Не терпел мещанства и младший брат Александра Рафаиловича, юный Теодор.
Любители чтения, вероятно, заметили, как изменился в литературе образ мещанина. В девятнадцатом веке мещанин - это самодовольный обыватель, бескрылый, осторожный бюргер. Ему противопоставлялся человек широких взглядов, с душой мятежной и беспокойной, жаждущей самопожертвования во имя святых идеалов. В двадцатом веке, отмеченном торжеством трудолюбивого плебса, мещанин стал постепенно изображаться иначе. Это маленький человек большинства, избиратель. Он верит в силу парламентаризма, в науку, в прогресс. Чаще всего он голосует за социал-демократов. Любовь его кончается браком. Он отдает долги. Он примитивно принципиален. При этом он еще и глотатель газет. А противопоставлялся этому человеку в толпе - сверхчеловек, свободный от узаконенной морали, признающий только одну разновидность силы насилие, только одну разновидность любви - себялюбие, издевающийся над болтливым парламентаризмом, над крохоборческими усилиями большинства осчастливить жизнь большинства. В девятнадцатом веке с мещанством воевало свободомыслие. В двадцатом веке в борьбу с мещанством вступает рвущийся к власти националистический социализм.
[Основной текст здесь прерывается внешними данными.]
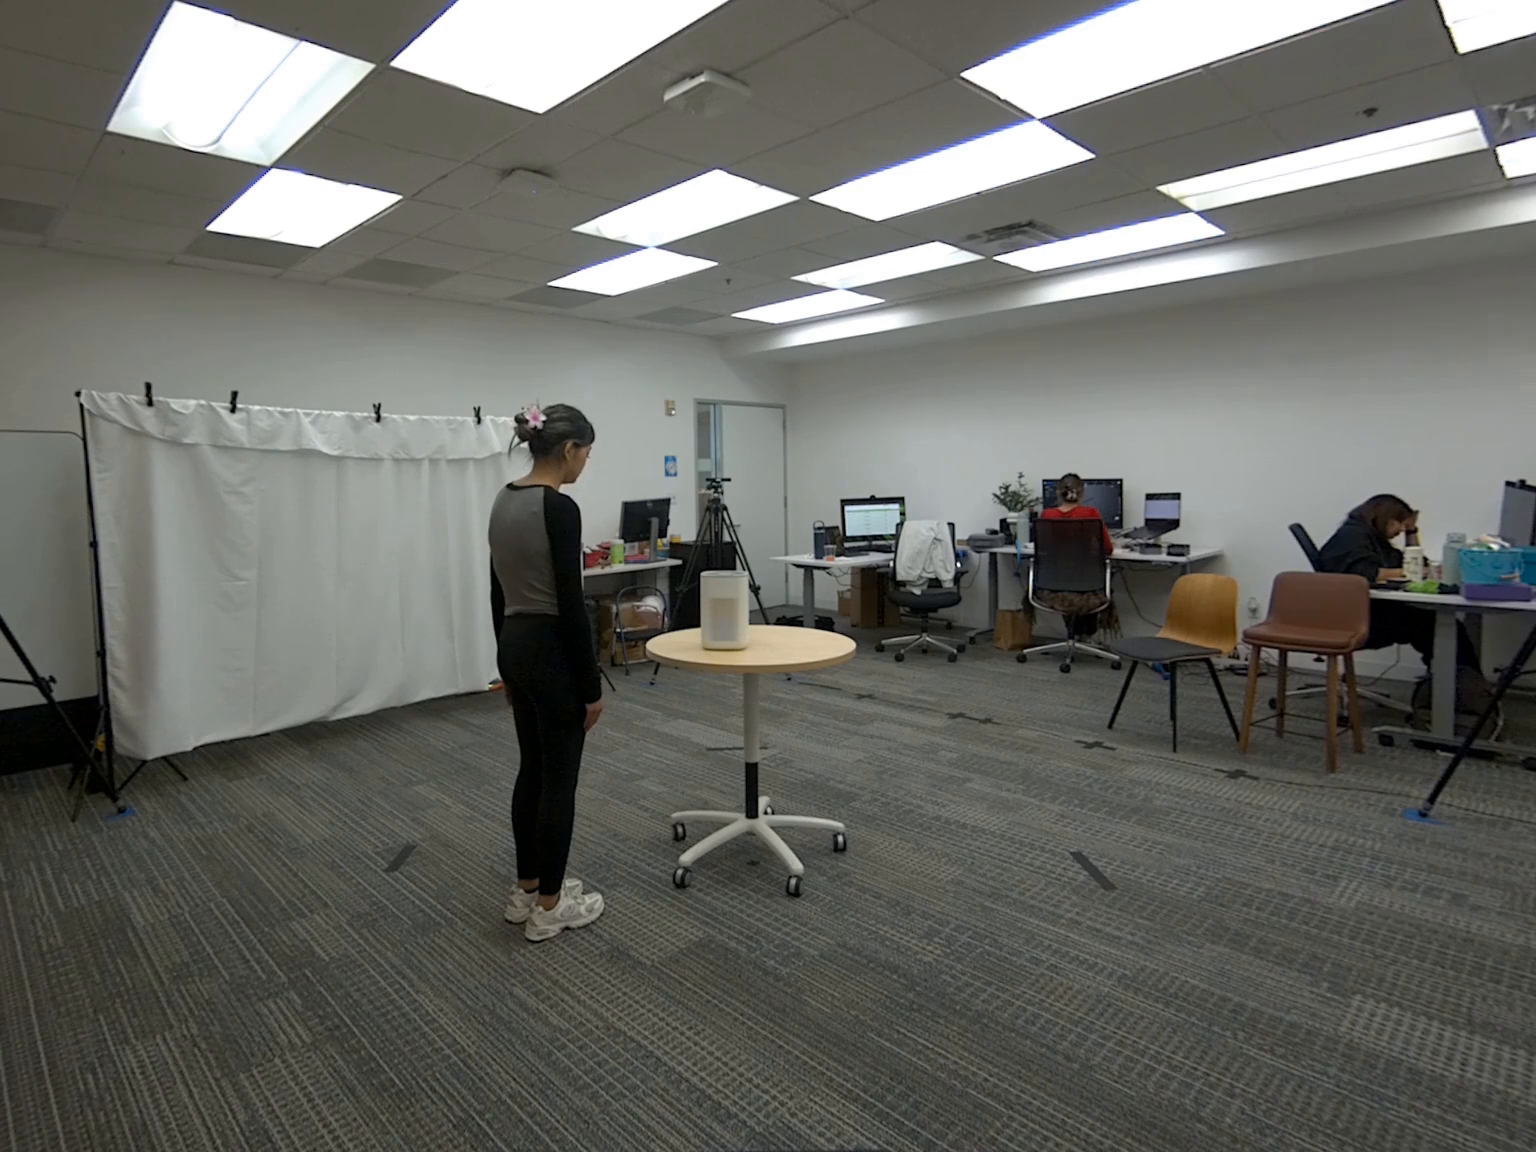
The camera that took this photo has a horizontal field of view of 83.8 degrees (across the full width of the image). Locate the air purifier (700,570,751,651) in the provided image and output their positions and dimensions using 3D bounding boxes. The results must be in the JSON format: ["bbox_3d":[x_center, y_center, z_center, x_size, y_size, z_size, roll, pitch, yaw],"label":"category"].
[{"bbox_3d":[-0.149,0.121,3.057,0.172,0.264,0.171,-2,4,1],"label":"air purifier"}]

Теодор никогда не читал ни Ницше, ни Пшибышевского, ни Гамсуна, ни русских декадентов. В девятнадцатом веке он был бы шалопаем. В двадцатом веке он стал тем, кем должен был стать. Вряд ли он даже сознавал, что ненавидит мещанство, - и ненавидел его. Ненавидел домашний быт, мелочные, повседневные заботы, жалкие, приказчичьи грезы Абрама Кемпфера, жалкие отвлеченные рассуждения Александра Кемпфера, жалкие слова укоризны, которые он каждый день выслушивал от матери. Теодор презирал свое коммерческое училище, тусклых и честных преподавателей, соучеников - и тех прилежных, кто уже целился на место в банке, и тех умных, развитых, кто объявлял себя эсдеком или эсером. Почему же он все это презирал и ненавидел? Потому что он алкал богатства, но не обладал ни смелостью, ни терпением, ни такой практической сметкой, которая не вступала бы в конфликт с уголовным кодексом и всеми десятью заповедями. Он алкал общественного блеска, но не было у него ни ума, ни способностей. Цели его не были ясны ему самому, но он чувствовал, что достигнет их только обходным путем. Он говорил таким же, как он, завсегдатаям магазина восточных сладостей Назароглу:
- Помешались на идеях. Болтуны, идиоты. Я не то что идею - родную маму продам за туфли "джимми" или пальто реглан.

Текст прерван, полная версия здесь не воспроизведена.